Não existe contra-indicação específica. Os exercícios de fortalecimento não lesam a placa de crescimento, não possuem efeito negativo ou efeito deletério cardiopulmonar. Porém é importante frisar que deve ser respeitado os limites da criança ou adolescente, adequando a carga, a intensidade e também a frequência. “Crianças não precisam necessariamente optar pela musculação. Aulas de pilates, de circo, além das atividades aeróbicas são excelentes opções para os pequeninos, uma vez que também ajudam a fortalecer a musculatura. Já na fase pré-puberal é possível realizar exercícios de fortalecimento muscular mais localizados” – pontua.

O médico ressalta ainda que as crianças em fase de crescimento não devem participar de competições que exijam muito do seu corpo em relação ao levantamento de peso. Até porque, inicialmente, as crianças devem treinar sem peso, seguido de carga baixa. Já os adolescentes devem começar com uma carga baixa até que dominem a técnica do movimento de cada exercício. Treino neuromuscular com mudança de direção, diminuem os riscos de lesões, principalmente nas meninas.

Os responsáveis também devem desencorajar os treinos em casa sem supervisão, principalmente nos aparelhos de academia, e também com cargas muito altas ou com movimentos rápidos. Isso pode comprometer a saúde da musculatura, causando lesões e estiramentos.

Entre os inúmeros benefícios da prática correta da atividade física, podemos destacar a melhora da capacidade cardiopulmonar, do perfil lipídico e no estoque ósseo, o que é fundamental para prevenir a osteoporose. “Sabe-se que a prática de atividade física melhora o rendimento escolar. É um erro parar esse tipo de atividade no ano preparatório para o vestibular, pois o rendimento nos estudos pode ser prejudicado” – garante.

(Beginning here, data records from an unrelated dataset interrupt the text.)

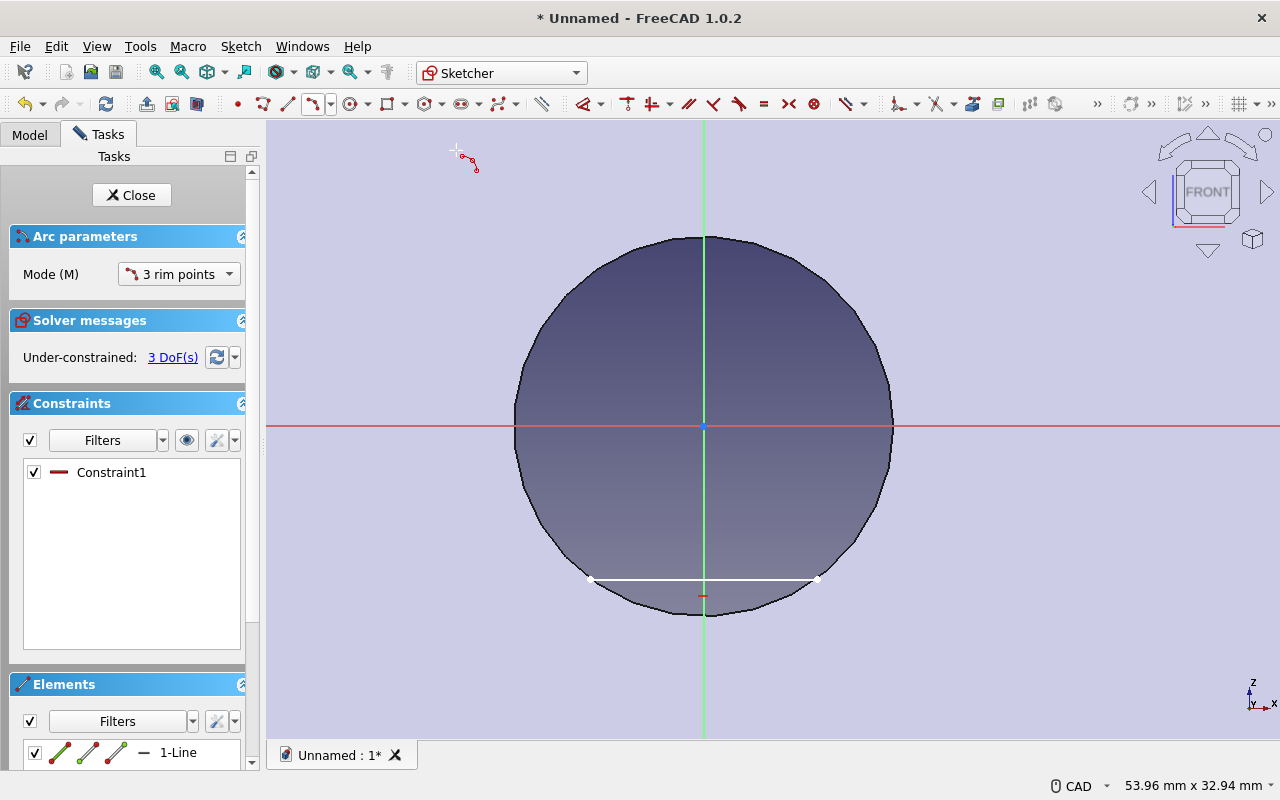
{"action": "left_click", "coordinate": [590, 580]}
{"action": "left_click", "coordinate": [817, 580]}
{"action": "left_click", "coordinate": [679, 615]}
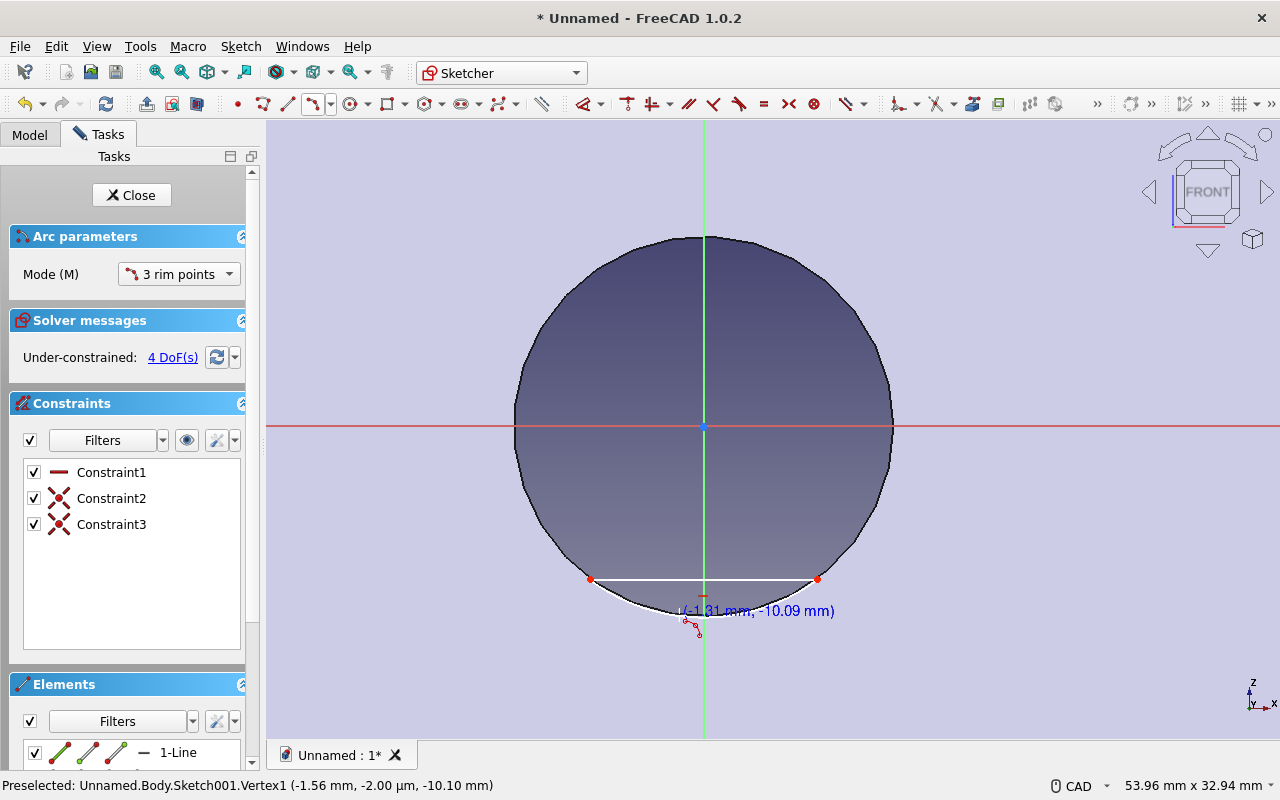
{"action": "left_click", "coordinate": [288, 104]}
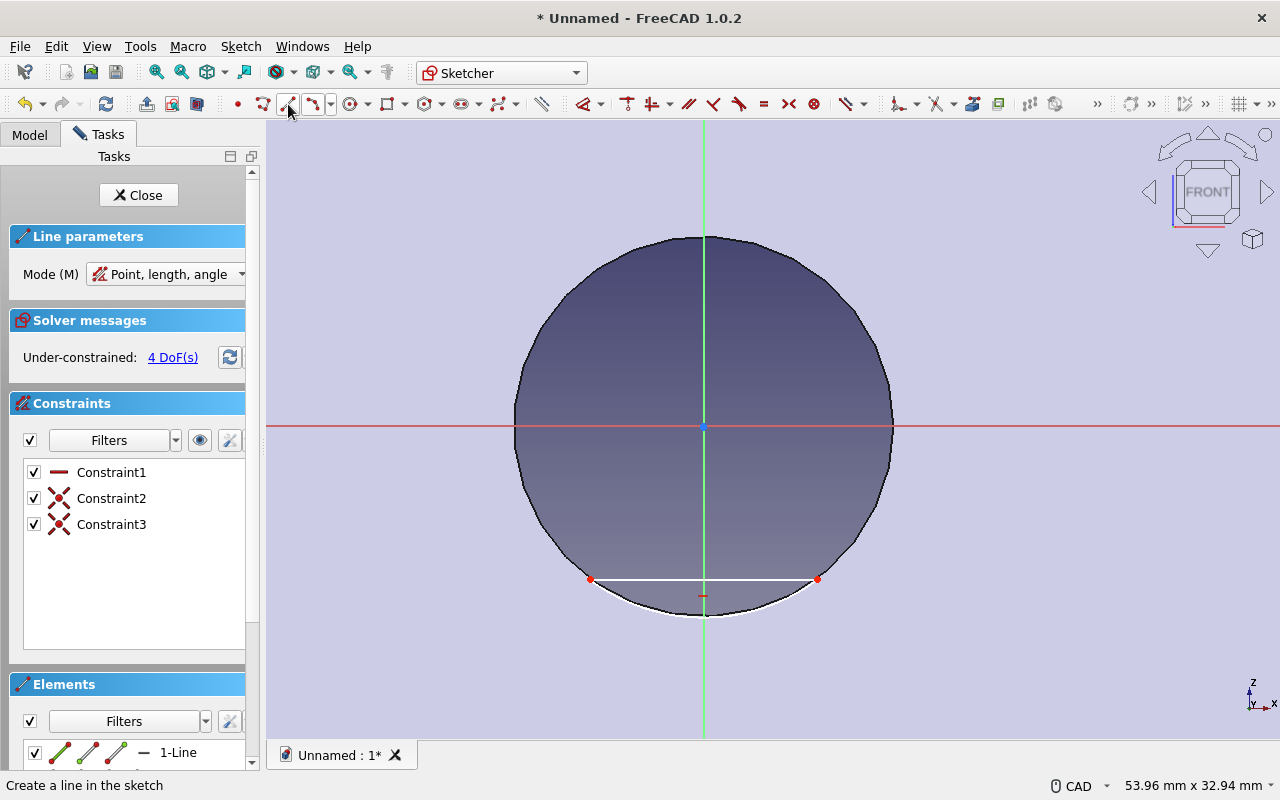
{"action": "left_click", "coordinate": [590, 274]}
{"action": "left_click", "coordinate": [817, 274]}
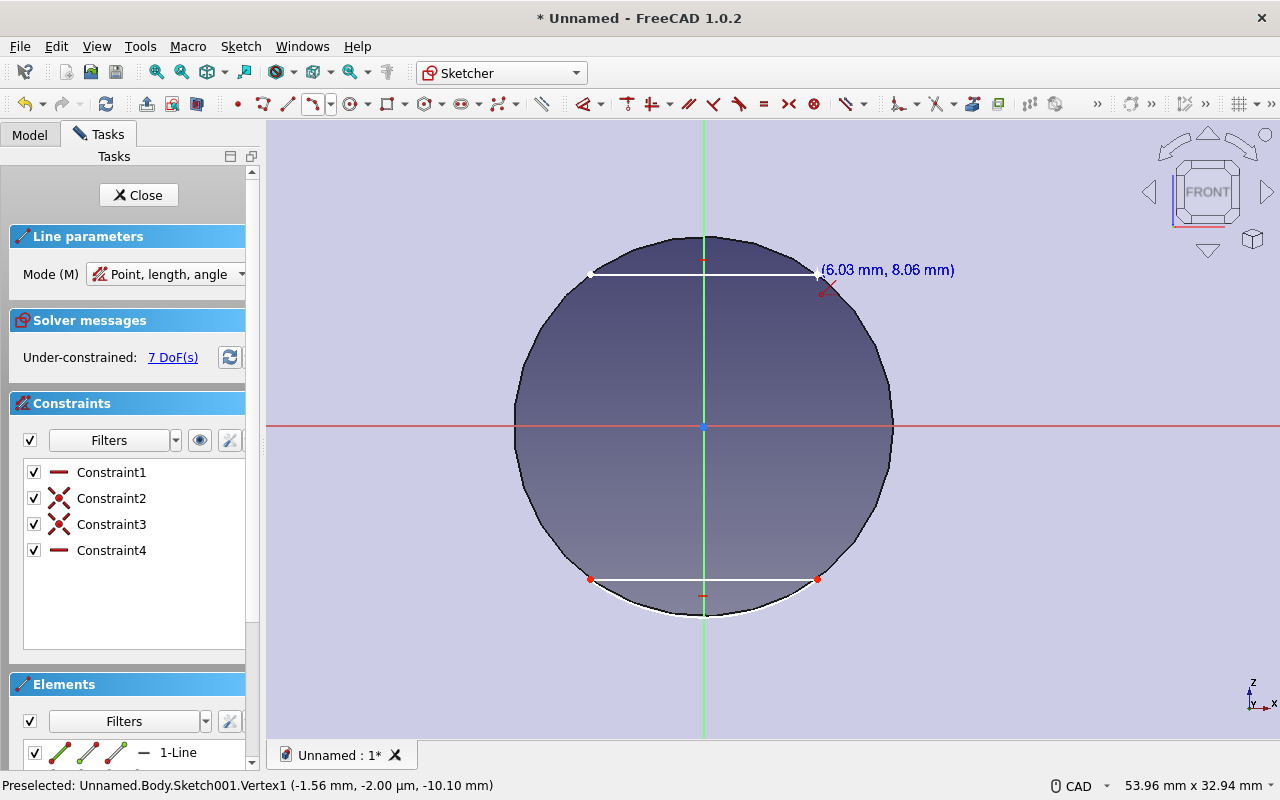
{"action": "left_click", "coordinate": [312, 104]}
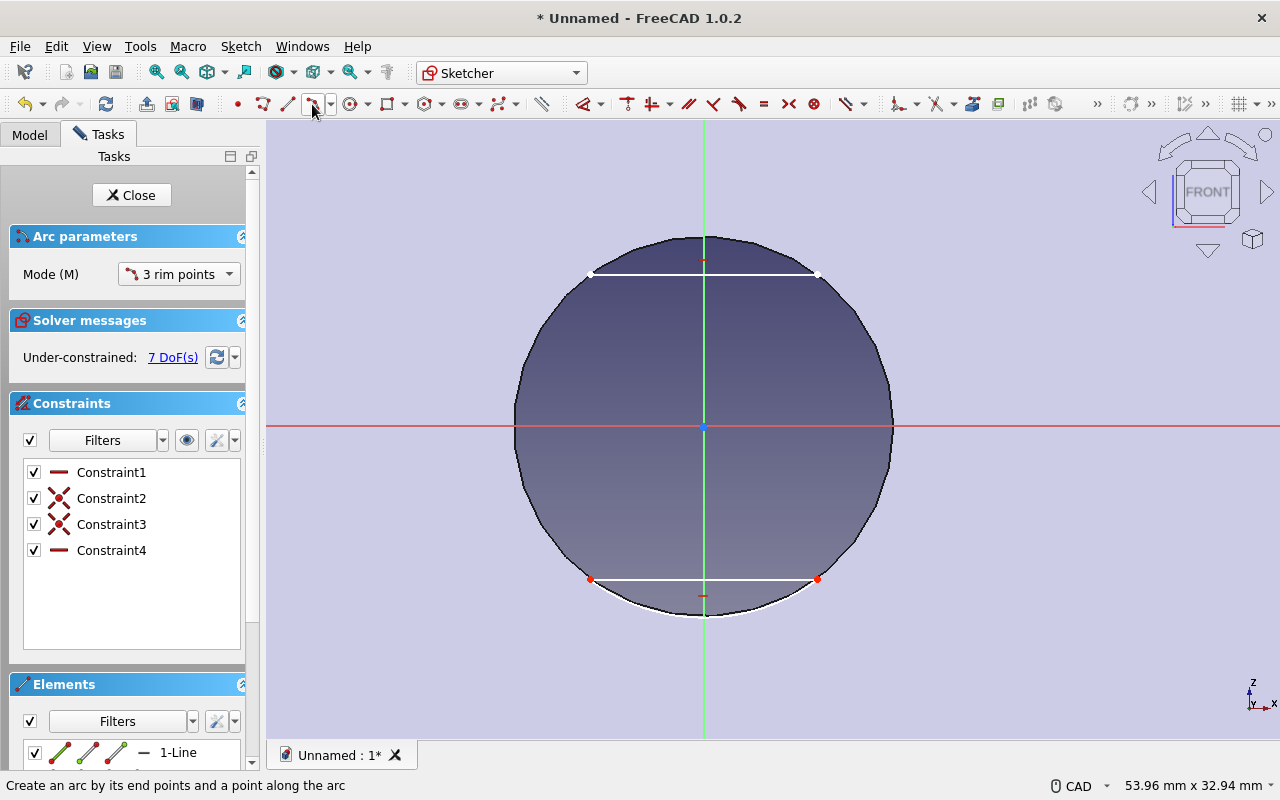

Por fim, as precauções para as crianças e adolescentes são as mesmas para qualquer tipo de atividade física. Faz-se necessário uma consulta médica para avaliação pré-participação esportiva, de modo a constatar alguma possível restrição na parte ortopédica, cardíaca ou pulmonar. Respeitar os limites do corpo e treinar sempre com acompanhamento profissional diminui o risco de lesões.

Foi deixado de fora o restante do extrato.